Annual report 2013: At the latest on 27 April 2014
Business update first quarter 2014: 9 May 2014 before market opening
General Meeting of Shareholders 2014: 28 May 2014 at 11 a.m.
First semester 2014 results: 26 August 2014 before market opening

TER BEKE IN BRIEF

Ter Beke (Euronext Brussel: TERB) is an innovative Belgian fresh foods concern that markets its assortment in 10 European countries. The group has 2 core activities: processed meats and fresh ready meals; it has 7 industrial sites in Belgium and the Netherlands and employs approximately
1,700 people.

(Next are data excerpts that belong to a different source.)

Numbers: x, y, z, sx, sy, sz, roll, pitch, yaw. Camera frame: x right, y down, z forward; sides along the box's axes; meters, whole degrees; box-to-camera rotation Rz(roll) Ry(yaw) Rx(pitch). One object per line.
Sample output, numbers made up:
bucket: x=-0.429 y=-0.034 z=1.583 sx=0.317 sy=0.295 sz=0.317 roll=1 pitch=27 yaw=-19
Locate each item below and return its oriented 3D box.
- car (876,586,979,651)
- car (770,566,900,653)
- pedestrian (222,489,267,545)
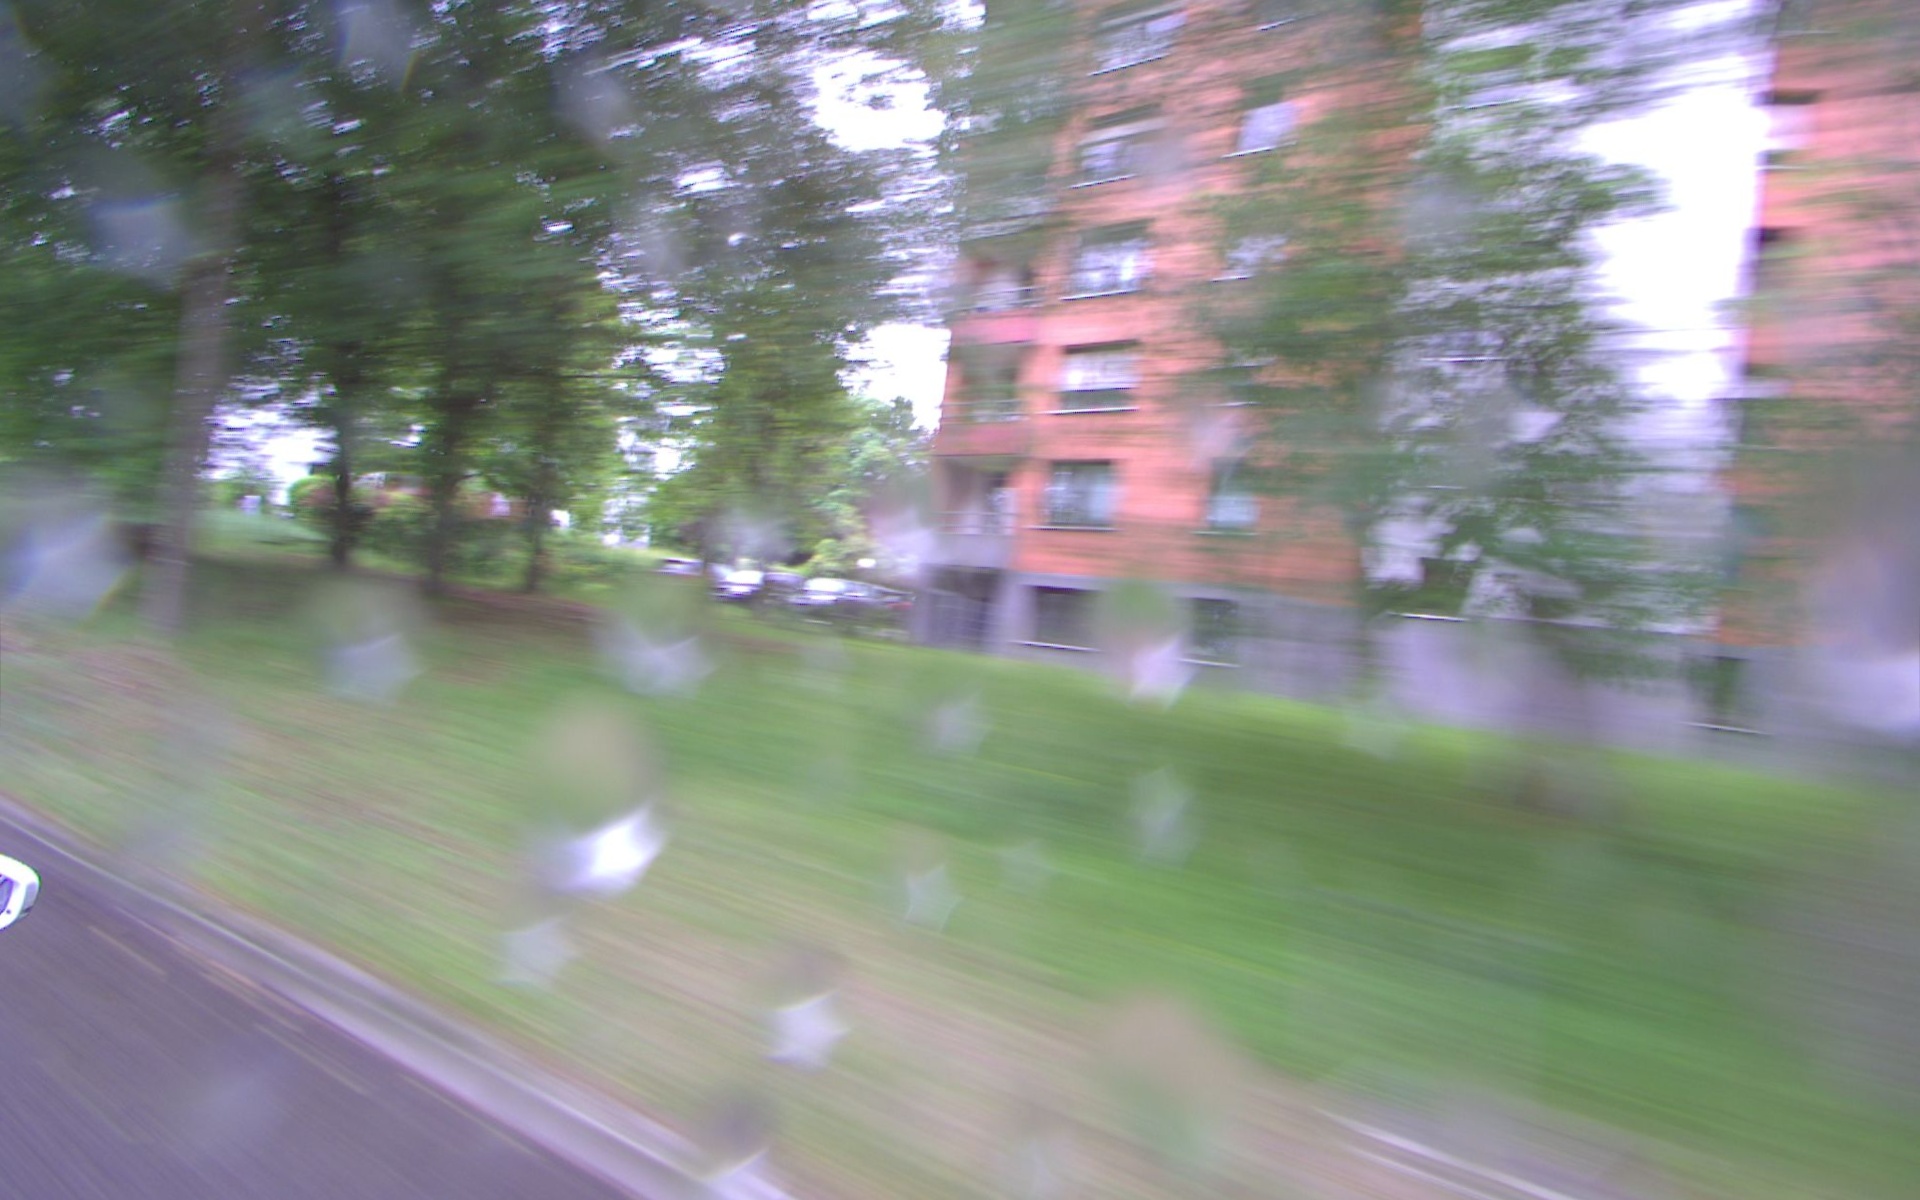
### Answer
car: x=-1.227 y=0.781 z=40.026 sx=1.967 sy=2.037 sz=3.993 roll=8 pitch=-1 yaw=33
car: x=-3.592 y=0.336 z=29.473 sx=1.592 sy=2.037 sz=3.737 roll=8 pitch=-1 yaw=31
pedestrian: x=-17.920 y=-2.073 z=25.209 sx=0.615 sy=1.300 sz=0.654 roll=7 pitch=1 yaw=34

Ter Beke generated a turnover of EUR 407 million in 2013.

Processed Meats Division:

producer and slicer of processed meats for the Benelux, the UK and Germany;

2 production plants in Belgium (Wommelgem and Waarschoot) and 4 centres for the slicing and packaging of processed meats, 2 of which are in Belgium (Wommelgem and Veurne) and 2 in the Netherlands (Wijchen and Ridderkerk);

innovating in the pre-packed processed meats segment;

distribution brands and own brand names L'Ardennaise®, Pluma® and Daniël Coopman®;

employs approximately 1050 staff.

Ready Meals Division:

produces fresh ready meals for the European market;

market leader in chilled lasagne in Europe;

2 production sites in Belgium (Wanze and Marche-en-Famenne);

brand names Come a casa® and Vamos® in addition to distribution brands;

employs approximately 650 staff;

joint venture The Pasta Food Company established in Poland (2011).